About the Special Issue

Computational methods to evaluate the binding of ligands against proteins have a beneficial impact in the early stages of drug discovery. Recent progress in this area converged to integrating systems approaches and machine learning methods. Within this view, it is possible to model protein-drug interaction as a relationship between the protein space [1-10] and the chemical space [11-15]. We consider these sets a unique complex system where computational methodologies could contribute to understanding the structural basis for the specificity of ligands for proteins. Such computational approaches have the potential to create novel scoring functions to predict binding affinity with superior predictive power when compared with standard methodologies such as docking functions. Scoring functions employ the atomic coordinates of protein-ligand complexes to predict binding energy [16]. We may obtain these protein-ligand complexes from experimental techniques (e.g., X-ray diffraction crystallography) [17, 18] or computational methodologies such as docking simulations [19].

We use the abstraction of a mathematical space composed of infinite computational models to predict ligand-binding affinity, named scoring function space [20, 21]. With this approach, we select an element of the protein space (e.g., cyclin-dependent kinase 2 (CDK2)) and define a subset of the chemical space composed of known CDK2 inhibitors [22-25]. Using machine learning regression methods, we scan the scoring function space.

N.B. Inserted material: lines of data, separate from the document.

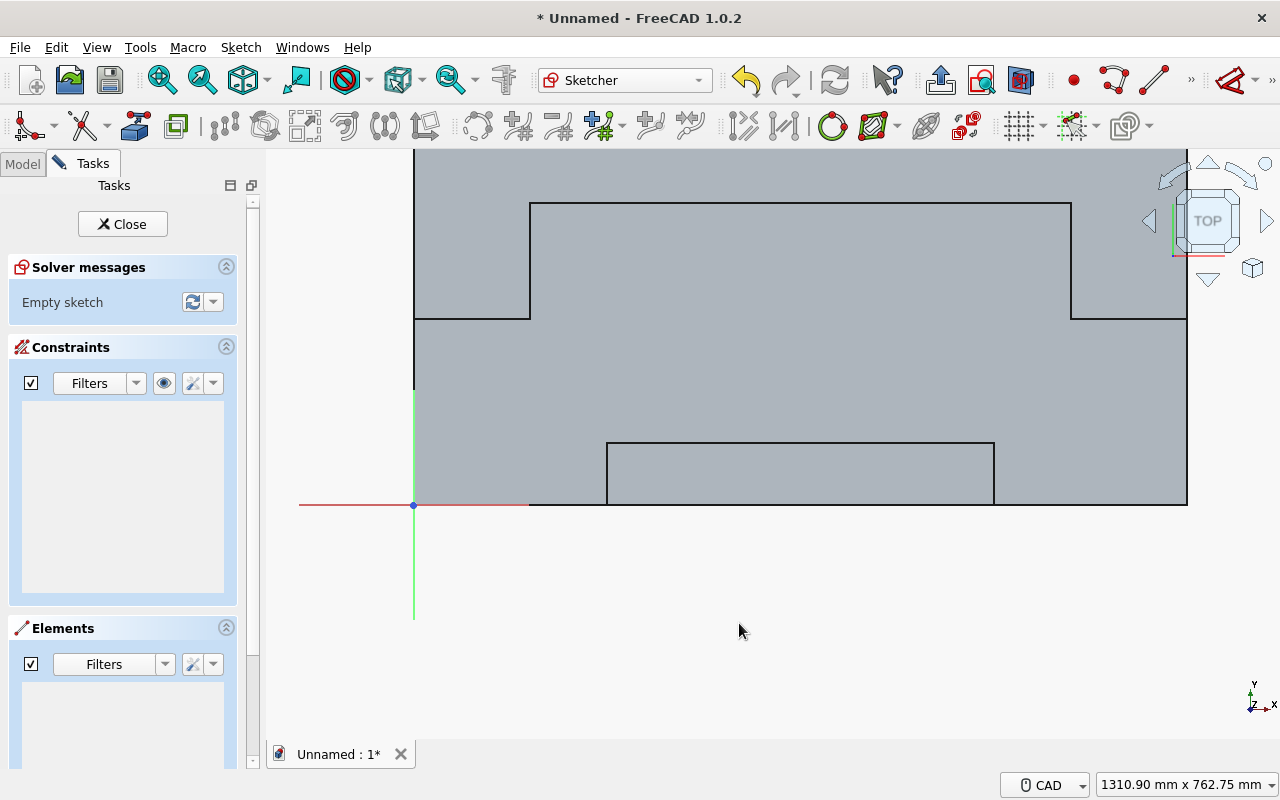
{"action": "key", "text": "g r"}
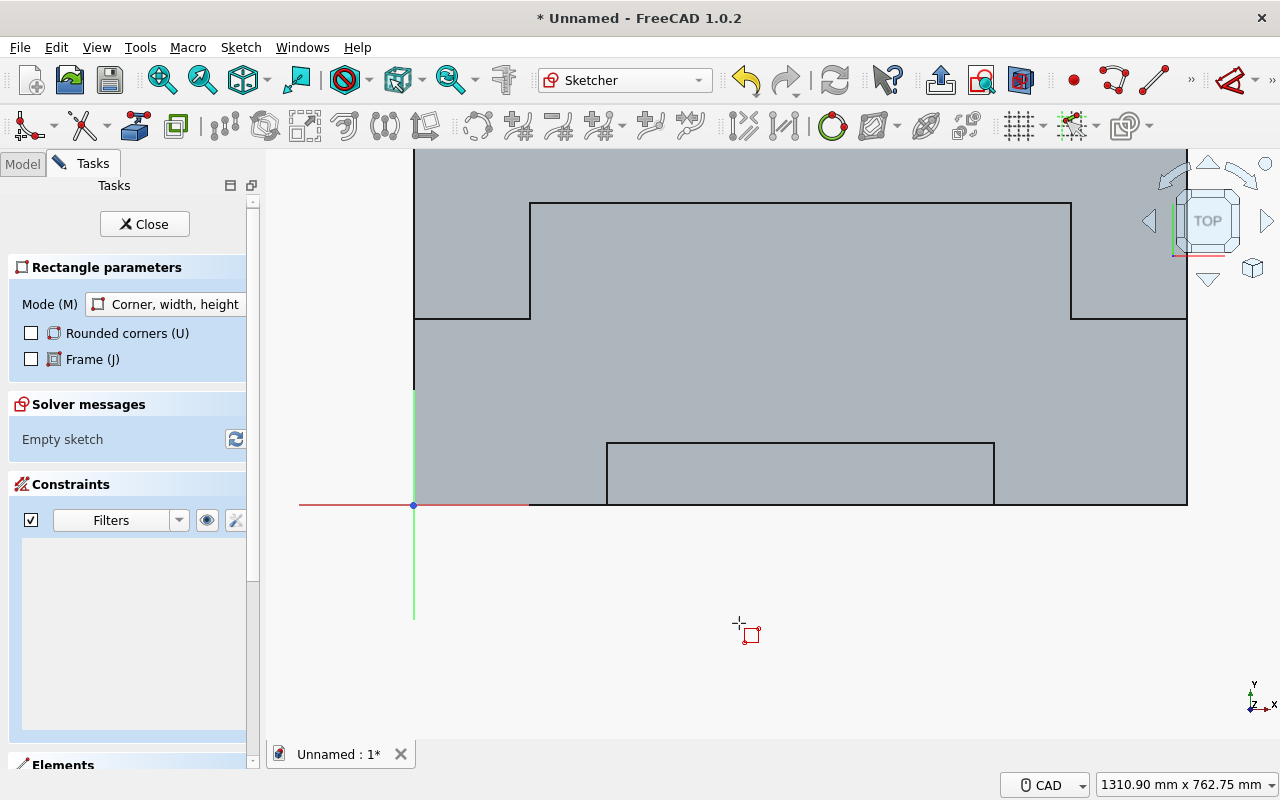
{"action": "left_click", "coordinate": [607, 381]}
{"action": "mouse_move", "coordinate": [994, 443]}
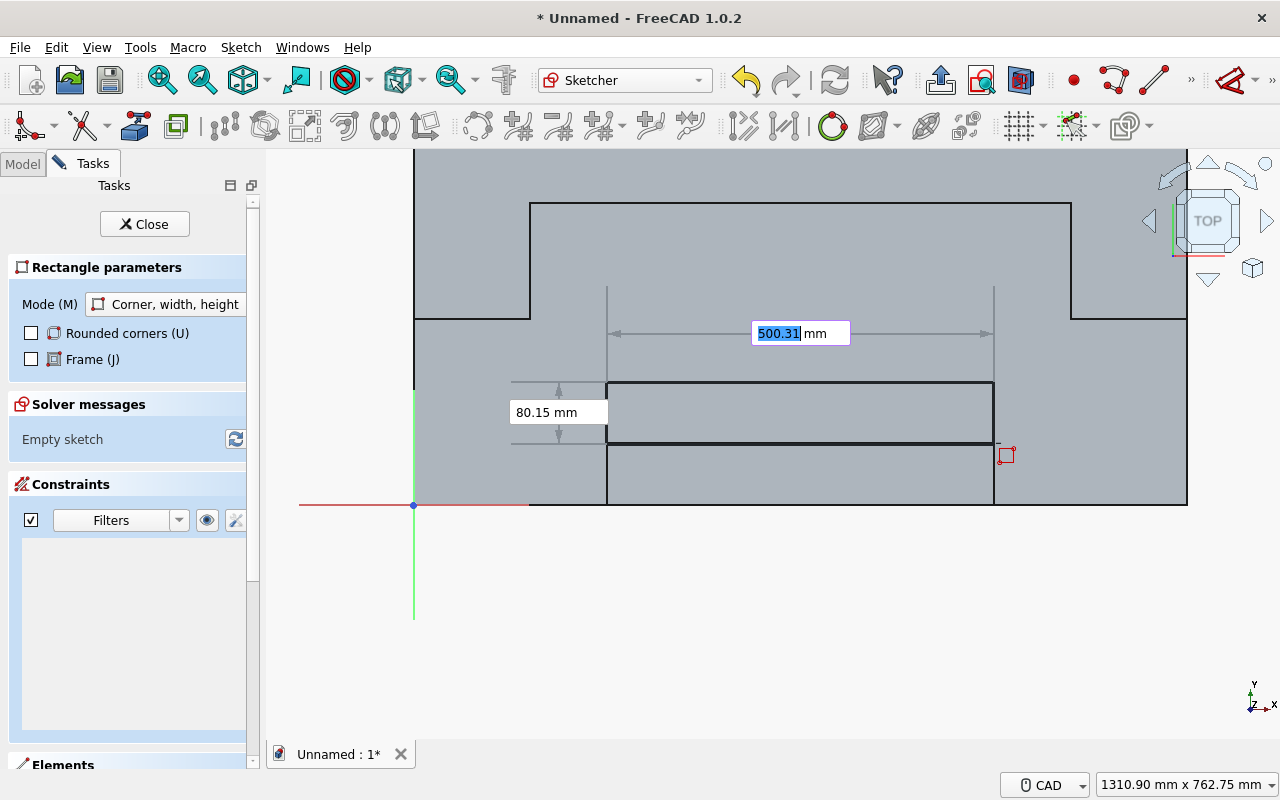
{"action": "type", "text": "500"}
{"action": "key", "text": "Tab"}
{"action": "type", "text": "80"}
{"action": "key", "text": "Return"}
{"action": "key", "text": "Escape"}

We search for a scoring function to predict protein-ligand energetics specifically for one protein system. This methodology generates a computational model targeted to one element of the protein space and shows superior predictive performance compared with classical scoring functions [22-25].

One key challenge to applying the concept of scoring function space to study protein-ligand interactions is the structural information of protein targets. In this field, we observe rapid progress due to the application of deep learning methods to predict the 3D structures of proteins [26-30]. Once the 3D model of a protein is available, we may generate protein-ligand complexes by applying docking simulations.

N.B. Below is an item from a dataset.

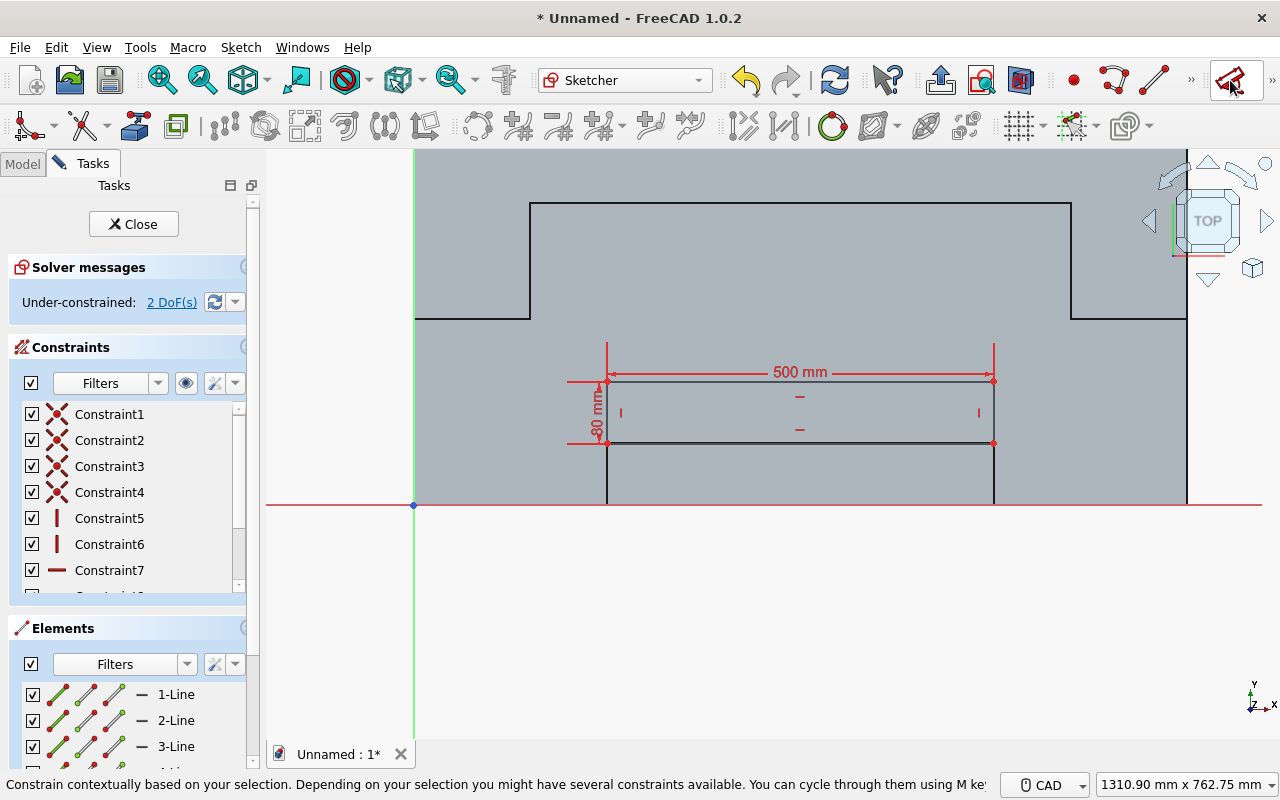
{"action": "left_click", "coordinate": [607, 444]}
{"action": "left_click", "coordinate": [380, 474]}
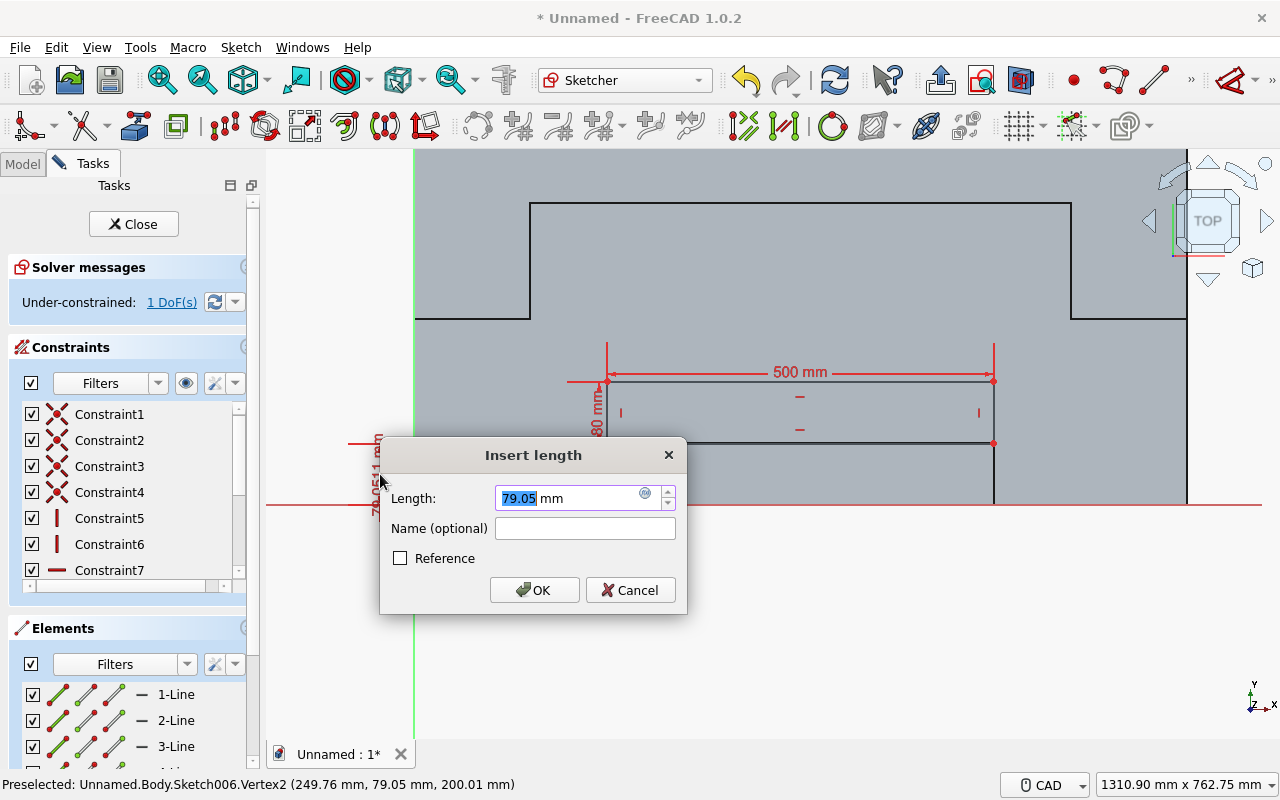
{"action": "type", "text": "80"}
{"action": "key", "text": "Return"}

In this volume, we have papers on recent applications of machine learning methods to develop scoring functions targeted to one protein system and to generate 3D models of protein targets. Also, there are reviews of studies focused on specific protein targets and the impact of computational methods to analyze them.

References

[1] Smith, J.M. Natural selection and the concept of a protein space. Nature, 1970, 225(5232), 563-564.

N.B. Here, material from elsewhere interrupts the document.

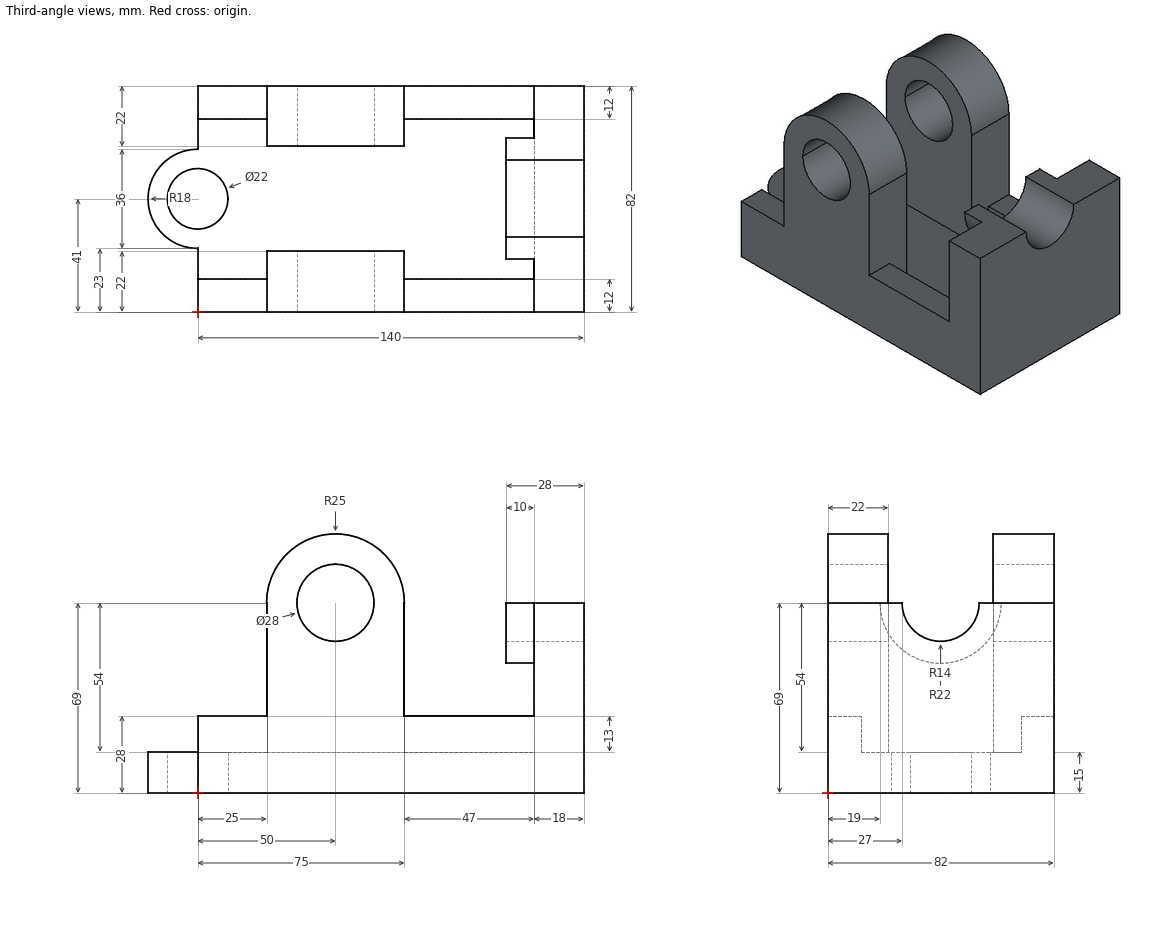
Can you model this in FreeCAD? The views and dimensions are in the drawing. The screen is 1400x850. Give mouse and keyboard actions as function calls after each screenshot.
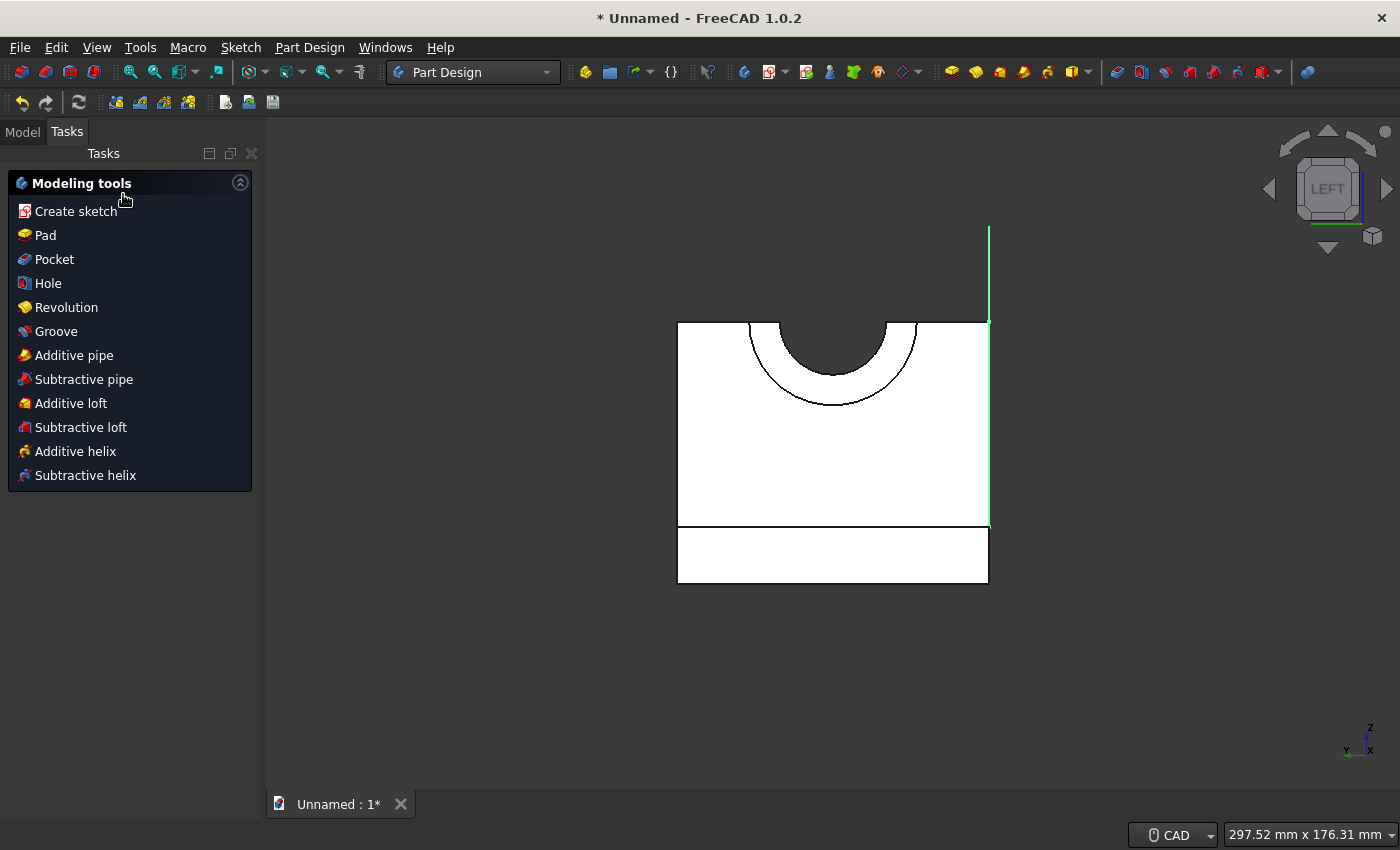
click(952, 72)

[2] Hou, J.; Jun, S.R.; Zhang, C.; Kim, S.H. Global mapping of the protein structure space and application in structure-based inference of protein function. Proc. Natl. Acad. Sci. U.S A., 2005, 102(10), 3651-3656.

[3] Bepler, T.; Berger, B. Learning the protein language: Evolution, structure, and function. Cell Syst., 2021, 12(6), 654-669.e3.

[4] Kolodny, R. Searching protein space for ancient sub-domain segments. Curr. Opin. Struct. Biol., 2021, 68, 105-112.

[5] Vila, J.A. About the Protein Space Vastness. Protein J., 2020, 39(5), 472-475.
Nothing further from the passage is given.